*SUPPLIED MATERIAL*
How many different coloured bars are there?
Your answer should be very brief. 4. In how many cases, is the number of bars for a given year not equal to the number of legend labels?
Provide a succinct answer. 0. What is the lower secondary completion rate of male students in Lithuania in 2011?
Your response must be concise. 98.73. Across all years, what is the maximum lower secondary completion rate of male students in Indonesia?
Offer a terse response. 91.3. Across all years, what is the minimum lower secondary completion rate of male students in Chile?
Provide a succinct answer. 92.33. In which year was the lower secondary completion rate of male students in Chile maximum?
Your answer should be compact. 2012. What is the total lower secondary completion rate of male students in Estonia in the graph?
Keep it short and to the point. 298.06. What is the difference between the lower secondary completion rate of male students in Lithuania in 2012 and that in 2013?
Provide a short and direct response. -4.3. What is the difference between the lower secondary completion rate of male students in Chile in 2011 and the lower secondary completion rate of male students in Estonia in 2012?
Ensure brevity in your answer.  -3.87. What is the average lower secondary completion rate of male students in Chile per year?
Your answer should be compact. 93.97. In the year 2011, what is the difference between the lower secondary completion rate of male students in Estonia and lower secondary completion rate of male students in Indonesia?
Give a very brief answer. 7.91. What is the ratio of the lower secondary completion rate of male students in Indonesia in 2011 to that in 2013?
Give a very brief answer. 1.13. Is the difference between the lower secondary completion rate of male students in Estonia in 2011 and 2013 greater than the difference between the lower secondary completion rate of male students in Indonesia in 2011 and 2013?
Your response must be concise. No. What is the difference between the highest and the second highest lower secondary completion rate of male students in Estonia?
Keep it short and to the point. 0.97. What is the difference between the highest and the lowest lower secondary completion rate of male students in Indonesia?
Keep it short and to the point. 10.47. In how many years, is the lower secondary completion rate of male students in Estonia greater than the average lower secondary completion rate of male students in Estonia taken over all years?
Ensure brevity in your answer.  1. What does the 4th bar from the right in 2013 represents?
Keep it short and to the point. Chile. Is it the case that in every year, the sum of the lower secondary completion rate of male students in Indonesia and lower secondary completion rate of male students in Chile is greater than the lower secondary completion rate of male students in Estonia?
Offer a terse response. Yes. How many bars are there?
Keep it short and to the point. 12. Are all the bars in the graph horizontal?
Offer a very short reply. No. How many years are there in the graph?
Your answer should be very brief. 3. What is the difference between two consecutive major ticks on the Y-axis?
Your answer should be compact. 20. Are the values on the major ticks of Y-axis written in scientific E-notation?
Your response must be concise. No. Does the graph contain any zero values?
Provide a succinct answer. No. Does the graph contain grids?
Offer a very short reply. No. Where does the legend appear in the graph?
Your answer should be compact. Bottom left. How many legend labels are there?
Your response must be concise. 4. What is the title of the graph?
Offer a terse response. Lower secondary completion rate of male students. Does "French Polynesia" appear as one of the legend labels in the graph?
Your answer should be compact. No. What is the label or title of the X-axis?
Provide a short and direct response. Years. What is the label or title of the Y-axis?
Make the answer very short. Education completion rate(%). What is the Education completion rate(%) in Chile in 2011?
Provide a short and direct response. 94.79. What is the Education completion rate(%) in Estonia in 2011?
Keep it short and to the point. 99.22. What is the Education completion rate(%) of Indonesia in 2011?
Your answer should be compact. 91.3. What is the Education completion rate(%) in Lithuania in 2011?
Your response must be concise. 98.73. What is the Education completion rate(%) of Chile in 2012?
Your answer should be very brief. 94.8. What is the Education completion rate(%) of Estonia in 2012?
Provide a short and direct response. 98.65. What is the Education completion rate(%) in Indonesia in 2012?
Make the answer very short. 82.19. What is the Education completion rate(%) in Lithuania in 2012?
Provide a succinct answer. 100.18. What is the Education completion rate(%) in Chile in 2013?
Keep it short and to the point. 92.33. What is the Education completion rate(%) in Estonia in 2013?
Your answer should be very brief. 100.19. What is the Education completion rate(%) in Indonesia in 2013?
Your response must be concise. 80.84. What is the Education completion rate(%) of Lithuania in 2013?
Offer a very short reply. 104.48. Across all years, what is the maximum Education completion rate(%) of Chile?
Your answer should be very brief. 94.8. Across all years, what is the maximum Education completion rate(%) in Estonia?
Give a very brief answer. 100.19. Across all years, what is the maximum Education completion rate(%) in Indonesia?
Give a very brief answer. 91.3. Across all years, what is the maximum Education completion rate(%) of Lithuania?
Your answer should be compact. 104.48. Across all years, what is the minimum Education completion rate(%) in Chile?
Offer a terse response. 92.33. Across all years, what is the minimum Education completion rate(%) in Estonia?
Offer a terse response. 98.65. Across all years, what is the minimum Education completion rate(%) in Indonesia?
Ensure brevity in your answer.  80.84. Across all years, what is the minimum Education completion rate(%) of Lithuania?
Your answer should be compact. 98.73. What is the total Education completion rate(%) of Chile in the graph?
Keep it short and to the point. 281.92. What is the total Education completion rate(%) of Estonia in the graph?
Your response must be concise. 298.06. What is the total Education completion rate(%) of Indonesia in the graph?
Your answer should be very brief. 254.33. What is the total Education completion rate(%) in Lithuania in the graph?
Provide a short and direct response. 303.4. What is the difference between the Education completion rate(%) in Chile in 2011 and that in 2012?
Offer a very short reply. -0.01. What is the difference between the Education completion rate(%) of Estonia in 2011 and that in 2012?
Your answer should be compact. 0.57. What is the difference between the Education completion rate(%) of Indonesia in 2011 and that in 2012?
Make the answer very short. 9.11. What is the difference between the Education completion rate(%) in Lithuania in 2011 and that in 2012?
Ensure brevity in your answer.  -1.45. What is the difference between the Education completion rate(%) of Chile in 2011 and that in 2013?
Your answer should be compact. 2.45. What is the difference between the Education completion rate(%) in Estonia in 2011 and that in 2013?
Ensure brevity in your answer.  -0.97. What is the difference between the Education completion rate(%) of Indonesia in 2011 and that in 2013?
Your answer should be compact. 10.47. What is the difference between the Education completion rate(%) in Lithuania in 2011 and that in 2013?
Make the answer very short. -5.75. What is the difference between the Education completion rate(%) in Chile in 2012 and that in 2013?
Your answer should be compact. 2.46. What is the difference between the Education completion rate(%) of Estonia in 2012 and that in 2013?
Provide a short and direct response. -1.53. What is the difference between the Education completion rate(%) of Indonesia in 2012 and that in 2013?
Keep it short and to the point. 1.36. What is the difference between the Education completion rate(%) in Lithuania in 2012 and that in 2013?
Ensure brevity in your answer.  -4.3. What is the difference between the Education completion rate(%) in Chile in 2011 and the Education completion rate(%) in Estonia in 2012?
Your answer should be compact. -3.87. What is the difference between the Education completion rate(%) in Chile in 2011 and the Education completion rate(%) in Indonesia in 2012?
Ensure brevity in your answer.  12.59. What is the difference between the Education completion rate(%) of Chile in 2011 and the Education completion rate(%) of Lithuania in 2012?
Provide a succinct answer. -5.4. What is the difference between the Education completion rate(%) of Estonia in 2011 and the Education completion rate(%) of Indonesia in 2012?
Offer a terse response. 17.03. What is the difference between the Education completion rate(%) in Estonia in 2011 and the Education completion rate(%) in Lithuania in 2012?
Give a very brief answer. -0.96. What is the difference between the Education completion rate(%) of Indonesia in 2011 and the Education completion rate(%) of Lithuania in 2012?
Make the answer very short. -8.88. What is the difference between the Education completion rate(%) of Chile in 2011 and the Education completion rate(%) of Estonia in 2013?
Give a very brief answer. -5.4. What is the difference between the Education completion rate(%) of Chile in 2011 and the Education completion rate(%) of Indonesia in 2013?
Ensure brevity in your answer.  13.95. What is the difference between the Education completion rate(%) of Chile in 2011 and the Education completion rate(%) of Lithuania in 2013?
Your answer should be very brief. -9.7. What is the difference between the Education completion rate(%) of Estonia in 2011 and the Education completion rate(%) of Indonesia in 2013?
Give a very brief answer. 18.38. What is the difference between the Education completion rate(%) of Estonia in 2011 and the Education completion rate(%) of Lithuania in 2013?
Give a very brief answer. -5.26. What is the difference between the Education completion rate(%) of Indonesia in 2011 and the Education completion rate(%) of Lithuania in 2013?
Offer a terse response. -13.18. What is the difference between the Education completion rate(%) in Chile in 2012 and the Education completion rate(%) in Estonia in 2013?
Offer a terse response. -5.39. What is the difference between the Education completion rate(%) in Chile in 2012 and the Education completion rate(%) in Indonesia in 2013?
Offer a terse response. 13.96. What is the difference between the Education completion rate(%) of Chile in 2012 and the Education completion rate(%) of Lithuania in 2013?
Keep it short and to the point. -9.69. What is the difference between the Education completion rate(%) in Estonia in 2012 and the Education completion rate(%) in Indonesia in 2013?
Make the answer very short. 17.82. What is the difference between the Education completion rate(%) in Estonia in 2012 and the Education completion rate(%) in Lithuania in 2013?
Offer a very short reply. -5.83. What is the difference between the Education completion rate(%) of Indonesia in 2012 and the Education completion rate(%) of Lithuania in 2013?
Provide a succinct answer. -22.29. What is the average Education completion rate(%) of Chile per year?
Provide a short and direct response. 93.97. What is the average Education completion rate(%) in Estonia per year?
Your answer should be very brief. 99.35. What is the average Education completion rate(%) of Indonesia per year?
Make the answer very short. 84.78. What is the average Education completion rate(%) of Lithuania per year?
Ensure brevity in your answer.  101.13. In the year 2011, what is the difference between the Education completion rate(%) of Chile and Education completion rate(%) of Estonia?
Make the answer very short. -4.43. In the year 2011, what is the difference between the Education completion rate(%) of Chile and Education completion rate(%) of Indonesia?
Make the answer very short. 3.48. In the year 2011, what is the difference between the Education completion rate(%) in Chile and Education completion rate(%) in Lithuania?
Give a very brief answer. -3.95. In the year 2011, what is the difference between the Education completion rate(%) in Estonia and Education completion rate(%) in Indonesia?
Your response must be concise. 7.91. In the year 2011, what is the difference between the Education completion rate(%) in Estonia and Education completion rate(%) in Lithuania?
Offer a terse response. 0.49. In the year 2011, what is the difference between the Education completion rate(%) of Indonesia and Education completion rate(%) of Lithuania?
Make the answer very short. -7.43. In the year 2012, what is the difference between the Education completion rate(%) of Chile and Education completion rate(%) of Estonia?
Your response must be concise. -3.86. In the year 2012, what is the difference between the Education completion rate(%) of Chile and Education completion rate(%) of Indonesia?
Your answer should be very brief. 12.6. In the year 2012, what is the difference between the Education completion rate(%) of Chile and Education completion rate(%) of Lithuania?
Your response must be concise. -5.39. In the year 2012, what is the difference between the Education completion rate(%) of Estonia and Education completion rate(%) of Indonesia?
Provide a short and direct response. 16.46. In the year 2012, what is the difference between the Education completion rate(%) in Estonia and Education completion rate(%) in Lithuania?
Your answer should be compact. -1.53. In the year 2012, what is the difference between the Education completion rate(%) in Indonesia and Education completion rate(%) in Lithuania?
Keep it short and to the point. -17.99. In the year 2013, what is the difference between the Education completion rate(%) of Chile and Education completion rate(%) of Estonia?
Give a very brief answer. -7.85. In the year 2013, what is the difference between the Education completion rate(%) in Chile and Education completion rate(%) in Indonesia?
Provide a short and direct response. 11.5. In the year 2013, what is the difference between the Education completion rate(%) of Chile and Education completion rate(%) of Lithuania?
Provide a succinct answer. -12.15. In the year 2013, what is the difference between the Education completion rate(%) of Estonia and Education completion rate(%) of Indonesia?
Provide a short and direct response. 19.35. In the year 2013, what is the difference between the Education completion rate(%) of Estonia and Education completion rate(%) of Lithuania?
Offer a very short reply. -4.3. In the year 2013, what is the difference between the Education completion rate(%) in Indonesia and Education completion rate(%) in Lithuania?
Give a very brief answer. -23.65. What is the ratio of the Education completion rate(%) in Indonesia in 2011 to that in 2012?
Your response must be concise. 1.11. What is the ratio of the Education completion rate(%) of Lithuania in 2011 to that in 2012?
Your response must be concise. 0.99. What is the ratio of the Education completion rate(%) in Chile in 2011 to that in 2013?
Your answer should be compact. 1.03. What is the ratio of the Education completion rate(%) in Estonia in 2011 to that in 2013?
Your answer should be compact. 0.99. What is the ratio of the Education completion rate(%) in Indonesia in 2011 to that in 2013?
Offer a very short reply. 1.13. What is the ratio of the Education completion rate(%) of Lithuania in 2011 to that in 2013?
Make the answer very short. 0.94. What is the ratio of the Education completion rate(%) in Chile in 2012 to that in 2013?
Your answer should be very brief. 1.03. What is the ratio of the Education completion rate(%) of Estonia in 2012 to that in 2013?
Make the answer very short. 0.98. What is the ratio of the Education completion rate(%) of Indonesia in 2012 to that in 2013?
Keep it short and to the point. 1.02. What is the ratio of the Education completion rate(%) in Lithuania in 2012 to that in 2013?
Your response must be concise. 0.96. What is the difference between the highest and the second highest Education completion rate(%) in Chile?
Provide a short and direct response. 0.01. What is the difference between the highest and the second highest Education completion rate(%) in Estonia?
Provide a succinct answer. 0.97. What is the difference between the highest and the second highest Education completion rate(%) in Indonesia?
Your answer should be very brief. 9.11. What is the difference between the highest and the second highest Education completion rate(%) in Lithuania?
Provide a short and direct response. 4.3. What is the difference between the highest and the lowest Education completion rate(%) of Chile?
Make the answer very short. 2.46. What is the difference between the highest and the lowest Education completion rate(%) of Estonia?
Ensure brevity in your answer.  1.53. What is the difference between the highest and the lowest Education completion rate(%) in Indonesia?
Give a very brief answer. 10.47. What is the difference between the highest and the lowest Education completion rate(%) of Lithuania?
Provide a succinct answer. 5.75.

*TASK DETAILS*
From the records above, retype only the lines starting at the line that contains "Keep it short and to the point. 298.06." and ending at the line that contains "Your answer should be compact. 93.97.", both included.

*WRITTEN SOLUTION*
Keep it short and to the point. 298.06. What is the difference between the lower secondary completion rate of male students in Lithuania in 2012 and that in 2013?
Provide a short and direct response. -4.3. What is the difference between the lower secondary completion rate of male students in Chile in 2011 and the lower secondary completion rate of male students in Estonia in 2012?
Ensure brevity in your answer.  -3.87. What is the average lower secondary completion rate of male students in Chile per year?
Your answer should be compact. 93.97. In the year 2011, what is the difference between the lower secondary completion rate of male students in Estonia and lower secondary completion rate of male students in Indonesia?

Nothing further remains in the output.